3. The process as claimed in claim 2, wherein the suitable solvent is selected from the group comprising methanol, ethanol, n-propanol, isopropanol, n-butanol, iso-butanol, tert-butanol, tetrahydrofuran, 2-methyl tetrahydrofuran, diethyl ether, methyl tertiary butyl ether, 1,4-dioxane, acetone, methyl isobutyl ketone, methyl ethyl ketone, dichloromethane, chloroform, toluene, xylene, acetonitrile, propionitrile, benzonitrile, formamide, N,N-dimethylformamide, N,N-dimethylacetamide, N-methyl-2-pyrrolidone, dimethylsulfoxide, water and mixtures thereof.

4. The process as claimed in claim 3, wherein the suitable solvent is a mixture of acetonitrile and water.

5. The process as claimed in claim 1, wherein the step a) is carried out at a temperature of up to about 60°C.

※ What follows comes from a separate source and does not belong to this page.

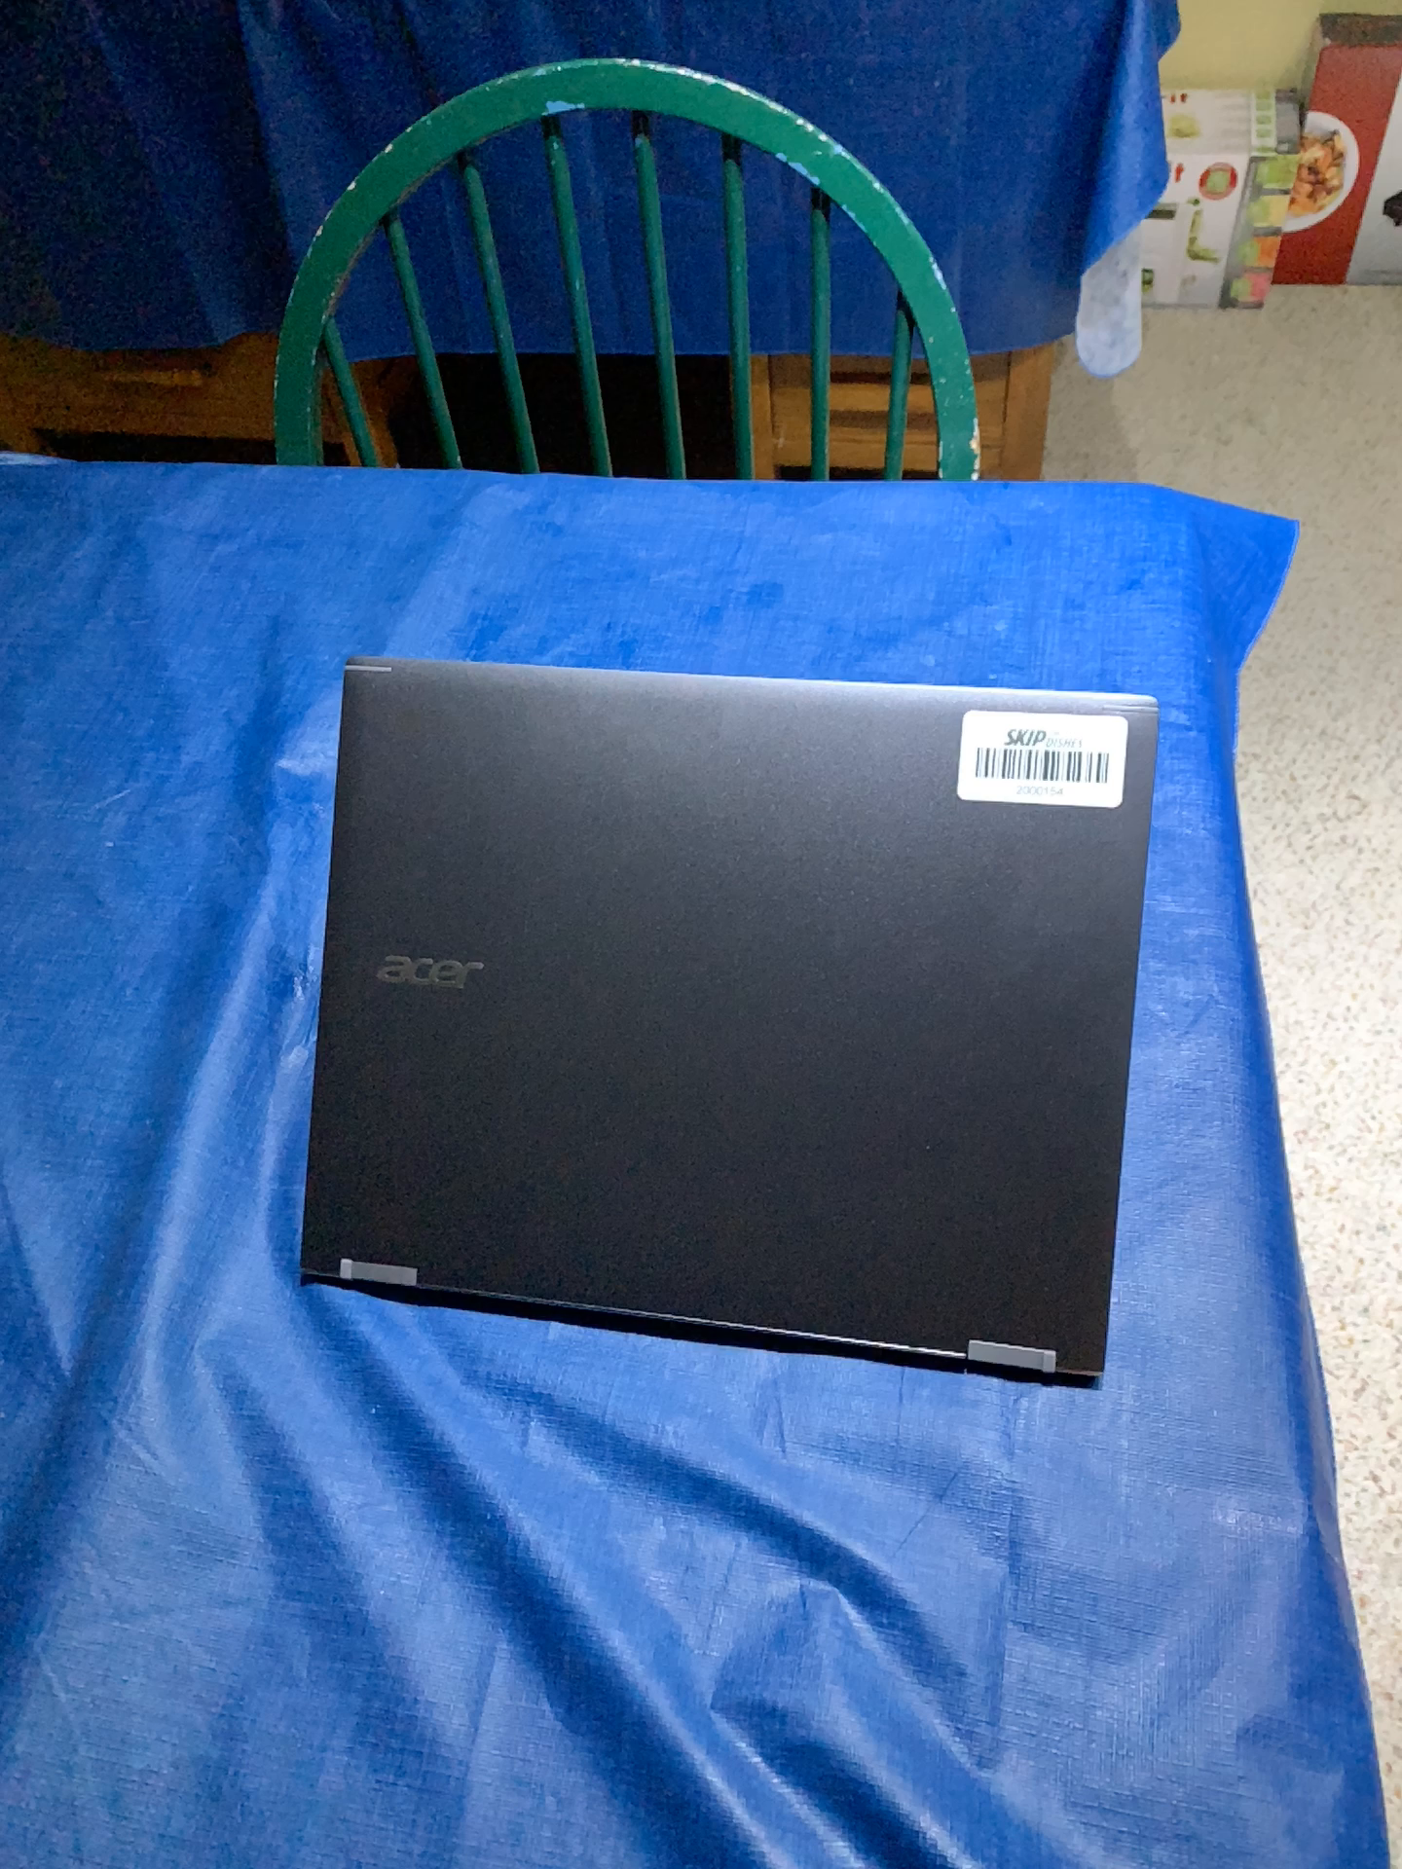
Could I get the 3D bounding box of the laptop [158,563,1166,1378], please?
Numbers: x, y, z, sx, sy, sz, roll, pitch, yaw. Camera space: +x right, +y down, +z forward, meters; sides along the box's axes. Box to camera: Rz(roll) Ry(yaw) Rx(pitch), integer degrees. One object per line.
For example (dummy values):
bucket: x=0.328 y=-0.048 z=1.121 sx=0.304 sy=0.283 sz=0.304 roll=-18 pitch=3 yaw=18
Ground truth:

6. The process as claimed in claim 1, wherein the step b) comprises adding step a) solution to suspension of fumaric acid in a suitable solvent.

7. The process as claimed in claim 6, wherein the suitable solvent is a mixture of acetonitrile and water.

8. The process as claimed in claim 1, wherein the step b) is carried out at a temperature of below 45°C.

9. The process as claimed in claim 1, wherein the step c) further comprises optionally cooling to a temperature of less than 30°C.

10. The process as claimed in claim 1, wherein the particles of fumaric acid having D90 less than 120 µm.